Type out the full set of entries again, unchanged.
■ ■ ■
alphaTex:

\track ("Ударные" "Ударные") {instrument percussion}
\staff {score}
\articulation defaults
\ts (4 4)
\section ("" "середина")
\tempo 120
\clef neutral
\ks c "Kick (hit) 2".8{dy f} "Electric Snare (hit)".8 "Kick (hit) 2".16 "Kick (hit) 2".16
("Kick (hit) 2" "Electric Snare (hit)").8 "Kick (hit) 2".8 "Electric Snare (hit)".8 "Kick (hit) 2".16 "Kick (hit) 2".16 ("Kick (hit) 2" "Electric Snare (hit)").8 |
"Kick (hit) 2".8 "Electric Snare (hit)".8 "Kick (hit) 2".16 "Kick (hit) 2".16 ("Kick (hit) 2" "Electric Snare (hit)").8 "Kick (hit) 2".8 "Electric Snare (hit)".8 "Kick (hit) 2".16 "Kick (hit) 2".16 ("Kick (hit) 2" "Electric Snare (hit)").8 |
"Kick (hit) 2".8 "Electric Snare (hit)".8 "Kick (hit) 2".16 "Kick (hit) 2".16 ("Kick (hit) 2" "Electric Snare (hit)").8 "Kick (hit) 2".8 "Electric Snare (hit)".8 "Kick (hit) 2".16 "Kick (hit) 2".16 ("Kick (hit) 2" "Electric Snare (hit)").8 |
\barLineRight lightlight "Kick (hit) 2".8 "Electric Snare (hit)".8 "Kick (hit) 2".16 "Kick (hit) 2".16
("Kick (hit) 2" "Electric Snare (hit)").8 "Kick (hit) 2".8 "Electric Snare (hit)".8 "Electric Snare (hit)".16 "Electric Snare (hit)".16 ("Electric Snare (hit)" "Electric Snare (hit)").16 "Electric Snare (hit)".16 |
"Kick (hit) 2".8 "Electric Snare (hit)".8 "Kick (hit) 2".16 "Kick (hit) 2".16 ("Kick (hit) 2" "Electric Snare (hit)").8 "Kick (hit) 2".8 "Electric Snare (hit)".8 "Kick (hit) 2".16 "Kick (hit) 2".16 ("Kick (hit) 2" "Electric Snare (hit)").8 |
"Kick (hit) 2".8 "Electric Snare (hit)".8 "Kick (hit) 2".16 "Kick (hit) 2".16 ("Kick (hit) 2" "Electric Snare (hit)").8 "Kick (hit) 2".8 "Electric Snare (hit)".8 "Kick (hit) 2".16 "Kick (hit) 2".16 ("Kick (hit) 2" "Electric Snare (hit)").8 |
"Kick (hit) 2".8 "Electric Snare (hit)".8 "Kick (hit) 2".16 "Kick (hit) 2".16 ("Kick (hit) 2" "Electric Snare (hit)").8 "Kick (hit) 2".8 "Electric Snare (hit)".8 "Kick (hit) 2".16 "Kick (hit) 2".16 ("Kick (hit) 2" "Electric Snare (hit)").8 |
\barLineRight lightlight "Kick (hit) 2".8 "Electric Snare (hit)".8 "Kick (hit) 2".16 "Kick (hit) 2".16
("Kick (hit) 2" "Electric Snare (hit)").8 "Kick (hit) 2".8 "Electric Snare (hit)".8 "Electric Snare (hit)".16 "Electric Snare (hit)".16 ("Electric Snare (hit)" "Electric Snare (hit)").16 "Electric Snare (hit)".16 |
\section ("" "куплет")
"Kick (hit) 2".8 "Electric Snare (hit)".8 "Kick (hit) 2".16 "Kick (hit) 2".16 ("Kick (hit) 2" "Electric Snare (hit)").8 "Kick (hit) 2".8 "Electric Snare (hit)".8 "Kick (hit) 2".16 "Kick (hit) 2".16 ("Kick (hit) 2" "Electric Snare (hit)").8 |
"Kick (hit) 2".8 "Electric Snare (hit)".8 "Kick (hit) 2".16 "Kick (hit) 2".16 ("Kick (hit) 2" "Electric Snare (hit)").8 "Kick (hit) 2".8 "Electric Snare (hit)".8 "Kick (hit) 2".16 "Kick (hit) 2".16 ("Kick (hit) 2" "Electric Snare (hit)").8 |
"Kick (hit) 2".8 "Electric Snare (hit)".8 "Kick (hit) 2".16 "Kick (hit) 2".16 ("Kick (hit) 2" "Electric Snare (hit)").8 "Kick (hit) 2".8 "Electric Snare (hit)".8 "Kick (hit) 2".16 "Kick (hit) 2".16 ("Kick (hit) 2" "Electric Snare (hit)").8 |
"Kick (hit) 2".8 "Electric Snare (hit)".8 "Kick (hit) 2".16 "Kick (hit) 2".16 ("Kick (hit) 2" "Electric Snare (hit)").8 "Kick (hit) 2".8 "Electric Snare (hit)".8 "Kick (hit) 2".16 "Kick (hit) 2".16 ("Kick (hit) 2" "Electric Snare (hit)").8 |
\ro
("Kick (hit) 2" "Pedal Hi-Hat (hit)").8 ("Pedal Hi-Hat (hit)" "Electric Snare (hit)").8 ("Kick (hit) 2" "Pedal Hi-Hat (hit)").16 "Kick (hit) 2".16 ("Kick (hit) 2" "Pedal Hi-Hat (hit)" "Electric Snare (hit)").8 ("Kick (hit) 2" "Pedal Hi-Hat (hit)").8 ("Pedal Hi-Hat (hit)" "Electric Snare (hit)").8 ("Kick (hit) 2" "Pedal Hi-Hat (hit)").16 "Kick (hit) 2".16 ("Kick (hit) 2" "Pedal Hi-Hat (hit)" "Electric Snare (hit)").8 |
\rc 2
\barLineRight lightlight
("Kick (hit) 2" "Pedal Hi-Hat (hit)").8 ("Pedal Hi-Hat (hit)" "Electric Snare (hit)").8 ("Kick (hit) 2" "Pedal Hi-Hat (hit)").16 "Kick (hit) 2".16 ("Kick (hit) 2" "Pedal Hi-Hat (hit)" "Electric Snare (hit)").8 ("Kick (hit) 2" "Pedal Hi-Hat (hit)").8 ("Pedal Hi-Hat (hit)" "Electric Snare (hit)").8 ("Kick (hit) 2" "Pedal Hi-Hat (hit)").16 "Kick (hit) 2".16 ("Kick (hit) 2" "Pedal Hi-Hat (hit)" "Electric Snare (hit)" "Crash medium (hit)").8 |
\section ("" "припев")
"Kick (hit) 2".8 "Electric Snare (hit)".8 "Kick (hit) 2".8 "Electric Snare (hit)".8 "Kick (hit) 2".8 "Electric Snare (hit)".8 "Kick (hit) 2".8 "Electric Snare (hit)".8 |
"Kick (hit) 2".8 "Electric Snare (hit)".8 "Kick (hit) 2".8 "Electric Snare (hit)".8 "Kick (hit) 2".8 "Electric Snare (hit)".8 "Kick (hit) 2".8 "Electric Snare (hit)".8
■ ■ ■
**RESPONSE TO THIS EXERCISE**
alphaTex:

\track ("Ударные" "Ударные") {instrument percussion}
\staff {score}
\articulation defaults
\ts (4 4)
\section ("" "середина")
\tempo 120
\clef neutral
\ks c "Kick (hit) 2".8{dy f} "Electric Snare (hit)".8 "Kick (hit) 2".16 "Kick (hit) 2".16
("Kick (hit) 2" "Electric Snare (hit)").8 "Kick (hit) 2".8 "Electric Snare (hit)".8 "Kick (hit) 2".16 "Kick (hit) 2".16 ("Kick (hit) 2" "Electric Snare (hit)").8 |
"Kick (hit) 2".8 "Electric Snare (hit)".8 "Kick (hit) 2".16 "Kick (hit) 2".16 ("Kick (hit) 2" "Electric Snare (hit)").8 "Kick (hit) 2".8 "Electric Snare (hit)".8 "Kick (hit) 2".16 "Kick (hit) 2".16 ("Kick (hit) 2" "Electric Snare (hit)").8 |
"Kick (hit) 2".8 "Electric Snare (hit)".8 "Kick (hit) 2".16 "Kick (hit) 2".16 ("Kick (hit) 2" "Electric Snare (hit)").8 "Kick (hit) 2".8 "Electric Snare (hit)".8 "Kick (hit) 2".16 "Kick (hit) 2".16 ("Kick (hit) 2" "Electric Snare (hit)").8 |
\barLineRight lightlight "Kick (hit) 2".8 "Electric Snare (hit)".8 "Kick (hit) 2".16 "Kick (hit) 2".16
("Kick (hit) 2" "Electric Snare (hit)").8 "Kick (hit) 2".8 "Electric Snare (hit)".8 "Electric Snare (hit)".16 "Electric Snare (hit)".16 ("Electric Snare (hit)" "Electric Snare (hit)").16 "Electric Snare (hit)".16 |
"Kick (hit) 2".8 "Electric Snare (hit)".8 "Kick (hit) 2".16 "Kick (hit) 2".16 ("Kick (hit) 2" "Electric Snare (hit)").8 "Kick (hit) 2".8 "Electric Snare (hit)".8 "Kick (hit) 2".16 "Kick (hit) 2".16 ("Kick (hit) 2" "Electric Snare (hit)").8 |
"Kick (hit) 2".8 "Electric Snare (hit)".8 "Kick (hit) 2".16 "Kick (hit) 2".16 ("Kick (hit) 2" "Electric Snare (hit)").8 "Kick (hit) 2".8 "Electric Snare (hit)".8 "Kick (hit) 2".16 "Kick (hit) 2".16 ("Kick (hit) 2" "Electric Snare (hit)").8 |
"Kick (hit) 2".8 "Electric Snare (hit)".8 "Kick (hit) 2".16 "Kick (hit) 2".16 ("Kick (hit) 2" "Electric Snare (hit)").8 "Kick (hit) 2".8 "Electric Snare (hit)".8 "Kick (hit) 2".16 "Kick (hit) 2".16 ("Kick (hit) 2" "Electric Snare (hit)").8 |
\barLineRight lightlight "Kick (hit) 2".8 "Electric Snare (hit)".8 "Kick (hit) 2".16 "Kick (hit) 2".16
("Kick (hit) 2" "Electric Snare (hit)").8 "Kick (hit) 2".8 "Electric Snare (hit)".8 "Electric Snare (hit)".16 "Electric Snare (hit)".16 ("Electric Snare (hit)" "Electric Snare (hit)").16 "Electric Snare (hit)".16 |
\section ("" "куплет")
"Kick (hit) 2".8 "Electric Snare (hit)".8 "Kick (hit) 2".16 "Kick (hit) 2".16 ("Kick (hit) 2" "Electric Snare (hit)").8 "Kick (hit) 2".8 "Electric Snare (hit)".8 "Kick (hit) 2".16 "Kick (hit) 2".16 ("Kick (hit) 2" "Electric Snare (hit)").8 |
"Kick (hit) 2".8 "Electric Snare (hit)".8 "Kick (hit) 2".16 "Kick (hit) 2".16 ("Kick (hit) 2" "Electric Snare (hit)").8 "Kick (hit) 2".8 "Electric Snare (hit)".8 "Kick (hit) 2".16 "Kick (hit) 2".16 ("Kick (hit) 2" "Electric Snare (hit)").8 |
"Kick (hit) 2".8 "Electric Snare (hit)".8 "Kick (hit) 2".16 "Kick (hit) 2".16 ("Kick (hit) 2" "Electric Snare (hit)").8 "Kick (hit) 2".8 "Electric Snare (hit)".8 "Kick (hit) 2".16 "Kick (hit) 2".16 ("Kick (hit) 2" "Electric Snare (hit)").8 |
"Kick (hit) 2".8 "Electric Snare (hit)".8 "Kick (hit) 2".16 "Kick (hit) 2".16 ("Kick (hit) 2" "Electric Snare (hit)").8 "Kick (hit) 2".8 "Electric Snare (hit)".8 "Kick (hit) 2".16 "Kick (hit) 2".16 ("Kick (hit) 2" "Electric Snare (hit)").8 |
\ro
("Kick (hit) 2" "Pedal Hi-Hat (hit)").8 ("Pedal Hi-Hat (hit)" "Electric Snare (hit)").8 ("Kick (hit) 2" "Pedal Hi-Hat (hit)").16 "Kick (hit) 2".16 ("Kick (hit) 2" "Pedal Hi-Hat (hit)" "Electric Snare (hit)").8 ("Kick (hit) 2" "Pedal Hi-Hat (hit)").8 ("Pedal Hi-Hat (hit)" "Electric Snare (hit)").8 ("Kick (hit) 2" "Pedal Hi-Hat (hit)").16 "Kick (hit) 2".16 ("Kick (hit) 2" "Pedal Hi-Hat (hit)" "Electric Snare (hit)").8 |
\rc 2
\barLineRight lightlight
("Kick (hit) 2" "Pedal Hi-Hat (hit)").8 ("Pedal Hi-Hat (hit)" "Electric Snare (hit)").8 ("Kick (hit) 2" "Pedal Hi-Hat (hit)").16 "Kick (hit) 2".16 ("Kick (hit) 2" "Pedal Hi-Hat (hit)" "Electric Snare (hit)").8 ("Kick (hit) 2" "Pedal Hi-Hat (hit)").8 ("Pedal Hi-Hat (hit)" "Electric Snare (hit)").8 ("Kick (hit) 2" "Pedal Hi-Hat (hit)").16 "Kick (hit) 2".16 ("Kick (hit) 2" "Pedal Hi-Hat (hit)" "Electric Snare (hit)" "Crash medium (hit)").8 |
\section ("" "припев")
"Kick (hit) 2".8 "Electric Snare (hit)".8 "Kick (hit) 2".8 "Electric Snare (hit)".8 "Kick (hit) 2".8 "Electric Snare (hit)".8 "Kick (hit) 2".8 "Electric Snare (hit)".8 |
"Kick (hit) 2".8 "Electric Snare (hit)".8 "Kick (hit) 2".8 "Electric Snare (hit)".8 "Kick (hit) 2".8 "Electric Snare (hit)".8 "Kick (hit) 2".8 "Electric Snare (hit)".8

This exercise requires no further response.